Domestic Abuse how does it affect spousal support?

The topic of domestic abuse has been front and center in the media reports over the last several weeks with Amber Heard, Johnny Depp’s wife, appearing in court on May 27 with a bruised cheek and asking for a temporary restraining order against Johnny Depp.

Despite rumors of domestic violence, however, Depp has been spotted out and about with onlookers describing his appearance as “at ease” and “fine.” He even reportedly stayed out until the wee hours of the morning at a bar last week “chatting” with a woman.

Depp’s legal team has fought back against the allegations of domestic abuse accusing Heard of “cooking up the abuse stories” to influence the judge’s decision and hopefully encourage him to agree to Heard’s request for an estimated $50,000 in spousal support each month to help pay for her current marital lifestyle.

Will domestic abuse increase our spousal support payments?

So the issue of domestic abuse in a marriage raises an interesting question. In fact, on our legal forum this week we received a question about this issue. Theresa in Dallas asked, “I have been the victim of domestic abuse by my husband for five years. I have finally gotten the courage to leave and ask for a divorce.

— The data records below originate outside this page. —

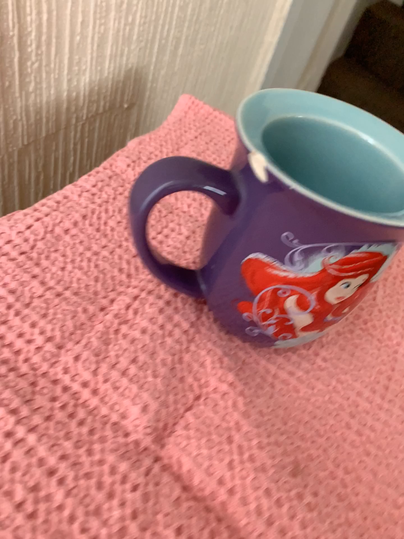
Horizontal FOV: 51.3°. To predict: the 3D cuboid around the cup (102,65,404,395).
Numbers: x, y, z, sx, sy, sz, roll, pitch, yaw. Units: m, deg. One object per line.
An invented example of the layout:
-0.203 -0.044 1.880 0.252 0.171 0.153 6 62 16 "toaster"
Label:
0.033 -0.018 0.207 0.140 0.099 0.101 -2 49 -22 "cup"
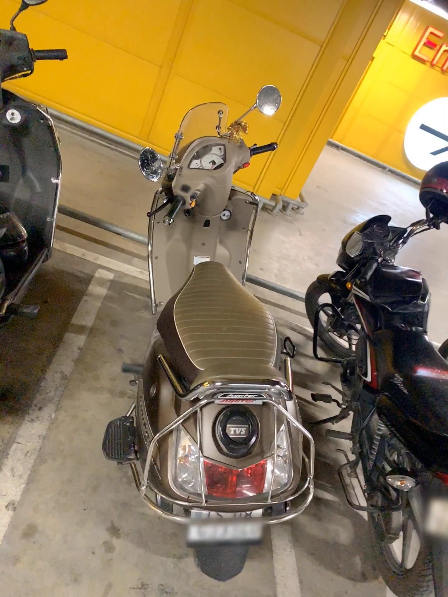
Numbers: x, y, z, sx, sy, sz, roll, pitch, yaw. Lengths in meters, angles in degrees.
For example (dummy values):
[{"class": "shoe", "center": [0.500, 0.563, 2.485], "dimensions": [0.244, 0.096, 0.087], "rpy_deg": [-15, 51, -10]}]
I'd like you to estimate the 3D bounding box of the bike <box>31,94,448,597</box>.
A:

I am wondering if the domestic abuse I have suffered for all of these years will entitle me to higher spousal support payments?”

How is spousal support determined?

Spousal support requirements are specifically created to address the disparity of income after a divorce. To find out more about how spousal support is calculated in your state you will need to review your state’s family code. For example, California’s spousal support code is found in Section 3, Parts 1 through 5 of the California Family Code.

Some states have also instituted formulas to determine spousal support especially while the case is being settled. States will also consider a variety of other factors before issuing their final spousal support determination. Factors include the following:

  • How much each spouse earns
  • The standard of living of each spouse during the marriage
  • Whether one spouse stayed home and cared for the children
  • The educational background of the care-giving spouse
  • The needs, obligations and assets of each spouse
  • The length of the marriage
  • The ability of the spouse to work and rear the children

What about spousal abuse and spousal support?

Although some states may not consider the fault of either spouse when considering certain aspects of the divorce case, domestic abuse may be an exception. For example, it’s clear that if your husband beats you that the court could also consider this when determining child custody. In some states they may also take domestic abuse into consideration when determining spousal support and property distribution.

With this in mind, however, it’s important to talk to a divorce lawyer to find out information about the laws in your state.